Transcribe the records below from the first line to the line that includes "5. The use of", inclusive, and omit the pictures.
_____
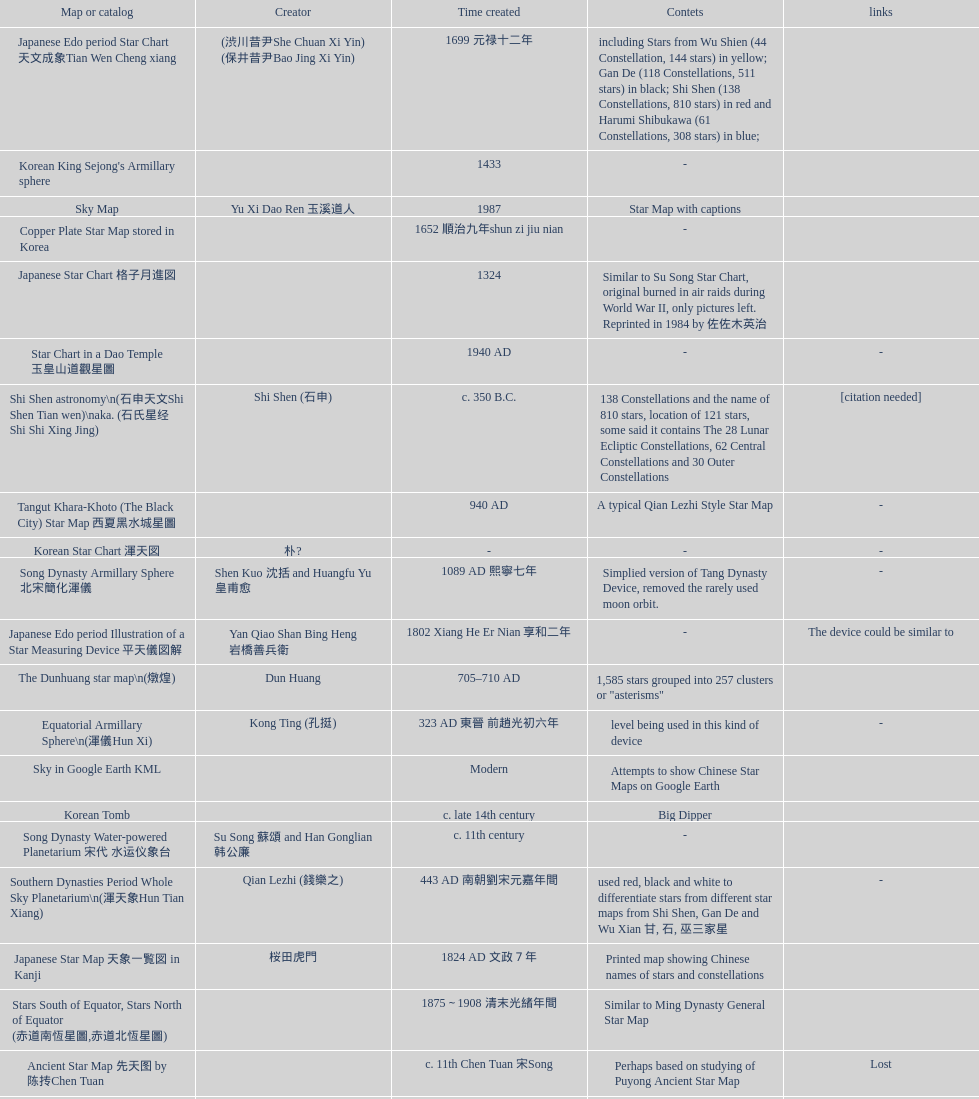What is the name of the oldest map/catalog? M45. 
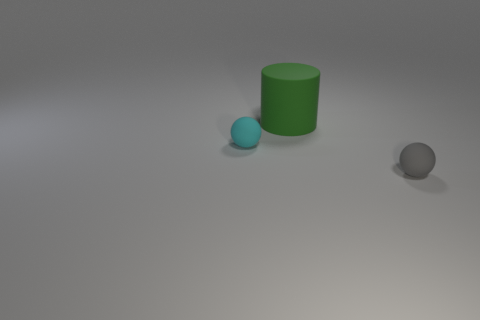Add 2 tiny cyan objects. How many objects exist? 5 Subtract all cylinders. How many objects are left? 2 Add 1 tiny cyan matte spheres. How many tiny cyan matte spheres are left? 2 Add 3 green cylinders. How many green cylinders exist? 4 Subtract 0 purple cylinders. How many objects are left? 3 Subtract all small gray balls. Subtract all green rubber cylinders. How many objects are left? 1 
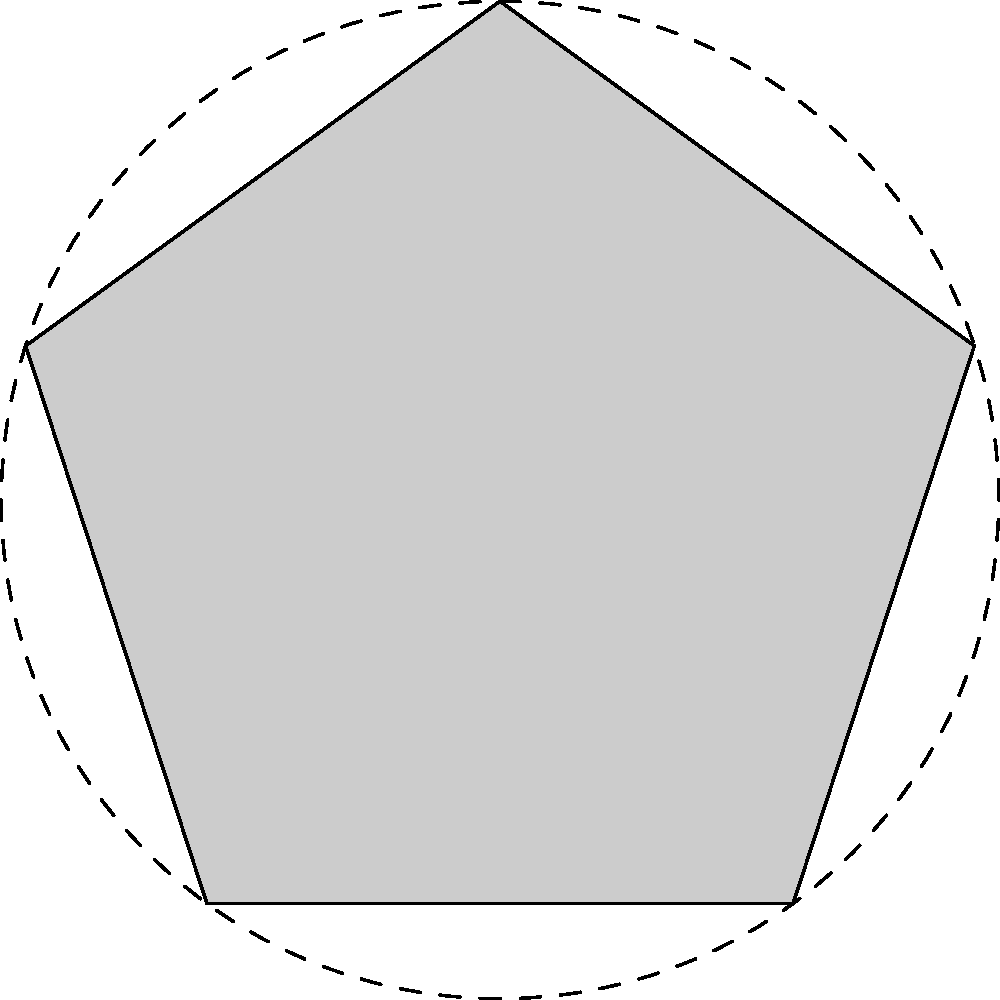In Islamic geometric patterns, the five-pointed star shown above is a common motif. What is the order of rotational symmetry for this star pattern, and how does this relate to the concept of tawhid (the oneness of Allah) in Islamic art? To determine the order of rotational symmetry for this Islamic star pattern, we need to follow these steps:

1. Observe the star pattern carefully. Notice that it consists of a single five-pointed star repeated around a central point.

2. Count the number of times the pattern appears identical as it rotates through a full 360°. In this case, the star pattern repeats 5 times in a full rotation.

3. The order of rotational symmetry is equal to the number of times the pattern repeats in a full rotation. Therefore, the order of rotational symmetry is 5.

Relating this to the concept of tawhid in Islamic art:

1. Tawhid refers to the oneness and unity of Allah, which is a fundamental principle in Islam.

2. The use of geometric patterns with rotational symmetry in Islamic art symbolizes this unity and perfection of Allah's creation.

3. The five-pointed star, with its rotational symmetry of order 5, represents harmony and balance in the universe created by Allah.

4. The repetition of the star pattern around a central point can be seen as a representation of how all creation revolves around the oneness of Allah.

5. The use of geometry and mathematical precision in creating such patterns reflects the order and perfection in Allah's creation, reinforcing the concept of tawhid.

Thus, the rotational symmetry of this star pattern serves as a visual representation of the underlying principles of Islamic faith, particularly the concept of tawhid.
Answer: Order of rotational symmetry: 5. This represents tawhid by symbolizing unity, perfection, and the centrality of Allah in creation through geometric harmony. 
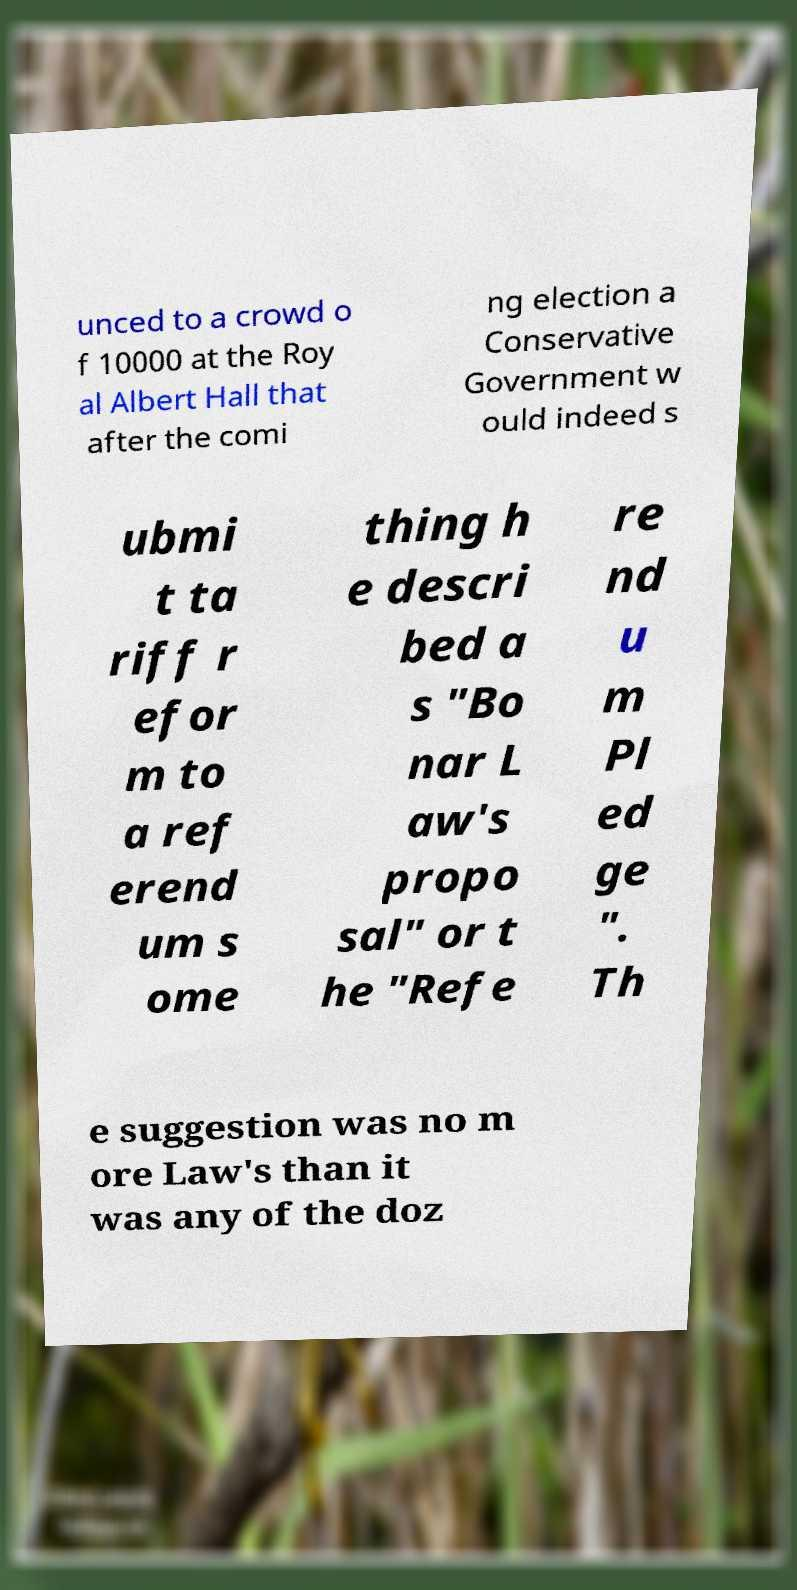For documentation purposes, I need the text within this image transcribed. Could you provide that? unced to a crowd o f 10000 at the Roy al Albert Hall that after the comi ng election a Conservative Government w ould indeed s ubmi t ta riff r efor m to a ref erend um s ome thing h e descri bed a s "Bo nar L aw's propo sal" or t he "Refe re nd u m Pl ed ge ". Th e suggestion was no m ore Law's than it was any of the doz 
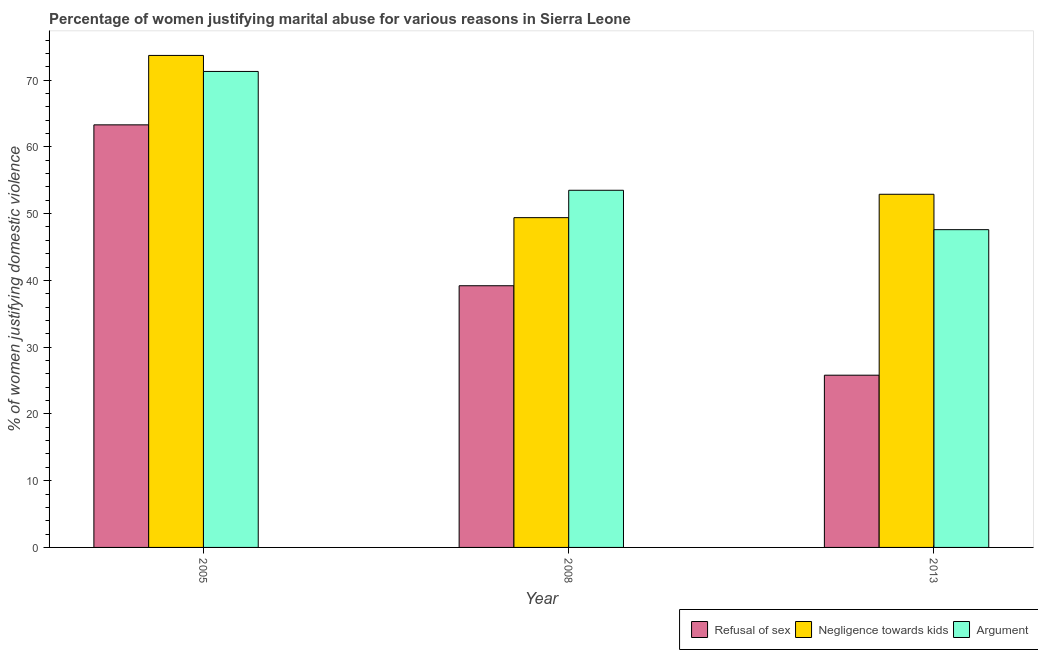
_____
**Answer to this task**
What is the name of the oldest map/catalog? M45. 
Add 2 tiny cyan objects. How many objects exist? 5 Subtract all cylinders. How many objects are left? 2 Add 1 tiny cyan matte spheres. How many tiny cyan matte spheres are left? 2 Add 3 green cylinders. How many green cylinders exist? 4 Subtract 0 purple cylinders. How many objects are left? 3 Subtract all small gray balls. Subtract all green rubber cylinders. How many objects are left? 1 
In Islamic geometric patterns, the five-pointed star shown above is a common motif. What is the order of rotational symmetry for this star pattern, and how does this relate to the concept of tawhid (the oneness of Allah) in Islamic art? To determine the order of rotational symmetry for this Islamic star pattern, we need to follow these steps:

1. Observe the star pattern carefully. Notice that it consists of a single five-pointed star repeated around a central point.

2. Count the number of times the pattern appears identical as it rotates through a full 360°. In this case, the star pattern repeats 5 times in a full rotation.

3. The order of rotational symmetry is equal to the number of times the pattern repeats in a full rotation. Therefore, the order of rotational symmetry is 5.

Relating this to the concept of tawhid in Islamic art:

1. Tawhid refers to the oneness and unity of Allah, which is a fundamental principle in Islam.

2. The use of geometric patterns with rotational symmetry in Islamic art symbolizes this unity and perfection of Allah's creation.

3. The five-pointed star, with its rotational symmetry of order 5, represents harmony and balance in the universe created by Allah.

4. The repetition of the star pattern around a central point can be seen as a representation of how all creation revolves around the oneness of Allah.

5. The use of geometry and mathematical precision in creating such patterns reflects the order and perfection in Allah's creation, reinforcing the concept of tawhid.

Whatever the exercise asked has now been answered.